Implementation Notes
Type System
Python is dynamically typed (type checked at runtime) and strongly typed (no implicit coercion between unrelated types).
Since Python 3.5+ the language has optional static type annotations. The interpreter ignores them at runtime; static checkers (mypy, pyright) enforce them.
# Type annotations (PEP 526, 484)
from typing import Optional, Union
def greet(name: str, times: int = 1) -> str:
return (f"Hello, {name}!\n" * times).strip()
# Union types (Python 3.10+ syntax)
def process(value: int | str) -> str:
return str(value)
# Optional is equivalent to X | None
def find(key: str) -> Optional[str]: # str | None
return NoneGeneric types:
from typing import TypeVar, Generic, Sequence
T = TypeVar("T")
class Stack(Generic[T]):
def __init__(self) -> None:
self._items: list[T] = []
def push(self, item: T) -> None:
self._items.append(item)
def pop(self) -> T:
return self._items.pop()Built-in Types
| Type | Notes |
|---|---|
int | Arbitrary precision |
float | IEEE 754 double (64-bit) |
complex | 3+4j |
str | Immutable Unicode sequences |
bytes / bytearray | Raw bytes; bytearray is mutable |
list | Mutable dynamic array |
tuple | Immutable sequence; used for heterogeneous records |
dict | Hash map; insertion-ordered since Python 3.7 |
set / frozenset | Hash set; frozenset is immutable |
bool | Subtype of int; True == 1, False == 0 |
NoneType | Singleton None |
Mutability matters:
# Lists are mutable — default arg trap
def append_to(val, lst=[]): # lst is shared across calls!
lst.append(val)
return lst
# Fix: use None sentinel
def append_to(val, lst=None):
if lst is None:
lst = []
lst.append(val)
return lst
# Tuples as hashable records
point = (3, 4)
d = {point: "origin-ish"} # tuples can be dict keys; lists cannotComprehensions
Concise, readable alternative to map/filter and explicit loops.
numbers = range(10)
# List comprehension
squares = [x**2 for x in numbers if x % 2 == 0]
# Dict comprehension
word_lengths = {word: len(word) for word in ["hello", "world"]}
# Set comprehension
unique_mods = {x % 3 for x in numbers}
# Nested comprehension — matrix transpose
matrix = [[1, 2, 3], [4, 5, 6], [7, 8, 9]]
transposed = [[row[i] for row in matrix] for i in range(3)]
# Generator expression (lazy, no brackets)
total = sum(x**2 for x in numbers) # no intermediate list allocatedPrefer comprehensions over map/filter for readability.
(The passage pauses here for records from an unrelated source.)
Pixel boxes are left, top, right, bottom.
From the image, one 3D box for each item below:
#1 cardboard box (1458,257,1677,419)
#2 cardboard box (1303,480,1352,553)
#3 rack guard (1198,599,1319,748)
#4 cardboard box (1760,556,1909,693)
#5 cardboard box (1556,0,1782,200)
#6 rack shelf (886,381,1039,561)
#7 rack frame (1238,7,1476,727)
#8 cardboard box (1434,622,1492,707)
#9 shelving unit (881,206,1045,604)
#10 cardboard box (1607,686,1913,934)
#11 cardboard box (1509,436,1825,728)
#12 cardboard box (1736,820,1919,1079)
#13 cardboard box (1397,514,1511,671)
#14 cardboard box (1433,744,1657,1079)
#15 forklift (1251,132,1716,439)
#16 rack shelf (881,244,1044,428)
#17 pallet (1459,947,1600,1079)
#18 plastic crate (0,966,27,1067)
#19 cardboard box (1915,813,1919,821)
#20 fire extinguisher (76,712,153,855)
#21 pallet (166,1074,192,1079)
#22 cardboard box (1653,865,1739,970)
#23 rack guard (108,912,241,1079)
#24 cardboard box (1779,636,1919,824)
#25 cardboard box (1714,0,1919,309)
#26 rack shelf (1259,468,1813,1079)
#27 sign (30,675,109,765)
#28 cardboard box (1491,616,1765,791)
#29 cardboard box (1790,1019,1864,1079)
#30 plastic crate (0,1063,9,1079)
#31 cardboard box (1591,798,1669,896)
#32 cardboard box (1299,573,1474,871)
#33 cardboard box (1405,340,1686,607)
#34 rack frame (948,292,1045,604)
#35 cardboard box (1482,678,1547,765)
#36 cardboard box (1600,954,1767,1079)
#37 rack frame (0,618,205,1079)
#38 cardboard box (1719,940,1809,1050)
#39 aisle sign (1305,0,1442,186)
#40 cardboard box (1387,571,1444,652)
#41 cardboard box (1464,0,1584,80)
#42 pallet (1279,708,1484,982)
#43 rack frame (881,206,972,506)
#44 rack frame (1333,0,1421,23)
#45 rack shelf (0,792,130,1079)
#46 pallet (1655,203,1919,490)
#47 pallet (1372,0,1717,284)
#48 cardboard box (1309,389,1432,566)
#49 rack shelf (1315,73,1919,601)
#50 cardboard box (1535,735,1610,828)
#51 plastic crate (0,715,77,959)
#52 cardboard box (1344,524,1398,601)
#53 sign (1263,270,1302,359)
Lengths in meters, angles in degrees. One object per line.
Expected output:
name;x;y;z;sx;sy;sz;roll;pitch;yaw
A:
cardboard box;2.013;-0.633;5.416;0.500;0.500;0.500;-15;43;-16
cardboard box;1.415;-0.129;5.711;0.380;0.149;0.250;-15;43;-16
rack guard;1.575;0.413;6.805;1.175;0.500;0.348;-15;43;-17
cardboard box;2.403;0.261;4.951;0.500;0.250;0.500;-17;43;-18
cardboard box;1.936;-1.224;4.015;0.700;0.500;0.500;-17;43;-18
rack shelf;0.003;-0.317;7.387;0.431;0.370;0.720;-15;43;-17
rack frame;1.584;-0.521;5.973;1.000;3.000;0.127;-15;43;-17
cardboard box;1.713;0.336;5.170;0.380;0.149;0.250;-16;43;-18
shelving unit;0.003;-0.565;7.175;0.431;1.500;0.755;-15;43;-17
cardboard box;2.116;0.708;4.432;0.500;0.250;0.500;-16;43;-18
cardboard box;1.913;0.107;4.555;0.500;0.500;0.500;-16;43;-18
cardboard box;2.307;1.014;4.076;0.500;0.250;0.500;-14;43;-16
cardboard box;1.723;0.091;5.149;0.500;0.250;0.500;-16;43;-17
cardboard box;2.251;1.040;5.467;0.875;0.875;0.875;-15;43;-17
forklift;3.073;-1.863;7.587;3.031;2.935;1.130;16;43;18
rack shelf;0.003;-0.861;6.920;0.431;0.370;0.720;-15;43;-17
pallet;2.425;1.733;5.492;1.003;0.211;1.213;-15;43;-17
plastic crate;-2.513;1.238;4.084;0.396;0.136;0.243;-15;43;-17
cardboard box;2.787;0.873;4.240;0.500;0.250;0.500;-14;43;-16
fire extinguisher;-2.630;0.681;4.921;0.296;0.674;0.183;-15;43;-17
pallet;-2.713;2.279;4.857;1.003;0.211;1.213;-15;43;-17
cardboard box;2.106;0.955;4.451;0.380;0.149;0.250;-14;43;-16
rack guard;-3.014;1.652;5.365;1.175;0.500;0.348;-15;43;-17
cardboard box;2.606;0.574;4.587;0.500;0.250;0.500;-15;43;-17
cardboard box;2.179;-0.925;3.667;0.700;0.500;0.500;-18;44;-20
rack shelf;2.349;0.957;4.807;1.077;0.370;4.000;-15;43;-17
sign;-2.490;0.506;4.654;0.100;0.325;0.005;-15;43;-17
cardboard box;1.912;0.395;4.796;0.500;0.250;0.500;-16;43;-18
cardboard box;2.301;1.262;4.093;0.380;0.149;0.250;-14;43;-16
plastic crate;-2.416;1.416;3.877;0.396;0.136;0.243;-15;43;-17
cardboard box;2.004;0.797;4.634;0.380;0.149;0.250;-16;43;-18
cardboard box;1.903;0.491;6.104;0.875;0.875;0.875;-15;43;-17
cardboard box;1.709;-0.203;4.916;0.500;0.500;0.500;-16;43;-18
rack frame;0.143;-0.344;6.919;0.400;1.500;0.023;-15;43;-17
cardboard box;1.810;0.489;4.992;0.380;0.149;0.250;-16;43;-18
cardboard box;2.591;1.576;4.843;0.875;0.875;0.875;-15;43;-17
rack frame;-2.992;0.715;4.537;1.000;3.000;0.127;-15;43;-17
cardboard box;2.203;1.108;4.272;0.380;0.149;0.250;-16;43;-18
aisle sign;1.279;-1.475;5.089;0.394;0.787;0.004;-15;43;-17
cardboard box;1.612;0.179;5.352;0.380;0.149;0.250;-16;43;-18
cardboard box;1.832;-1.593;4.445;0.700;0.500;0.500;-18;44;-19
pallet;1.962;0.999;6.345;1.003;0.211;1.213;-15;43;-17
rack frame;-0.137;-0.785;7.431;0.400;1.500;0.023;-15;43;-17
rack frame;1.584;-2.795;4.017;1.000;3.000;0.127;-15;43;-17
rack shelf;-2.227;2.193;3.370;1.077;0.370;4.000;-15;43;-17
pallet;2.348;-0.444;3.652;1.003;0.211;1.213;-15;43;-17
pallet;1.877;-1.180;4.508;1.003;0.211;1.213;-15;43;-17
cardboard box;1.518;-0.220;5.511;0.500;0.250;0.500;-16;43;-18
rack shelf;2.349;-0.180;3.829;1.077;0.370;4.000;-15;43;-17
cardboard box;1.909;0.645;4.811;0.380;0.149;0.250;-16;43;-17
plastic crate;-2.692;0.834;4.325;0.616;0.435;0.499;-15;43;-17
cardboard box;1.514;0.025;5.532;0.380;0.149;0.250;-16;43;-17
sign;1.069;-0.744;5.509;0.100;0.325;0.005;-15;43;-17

Use generator expressions when the full list is not needed — they are memory-efficient for large sequences.
Generators and Iterators
A generator function contains yield and returns a generator object — a lazy iterator that produces values on demand.
from typing import Iterator, Generator
# Generator function
def fibonacci() -> Generator[int, None, None]:
a, b = 0, 1
while True:
yield a
a, b = b, a + b
# Consume lazily
fib = fibonacci()
first_ten = [next(fib) for _ in range(10)]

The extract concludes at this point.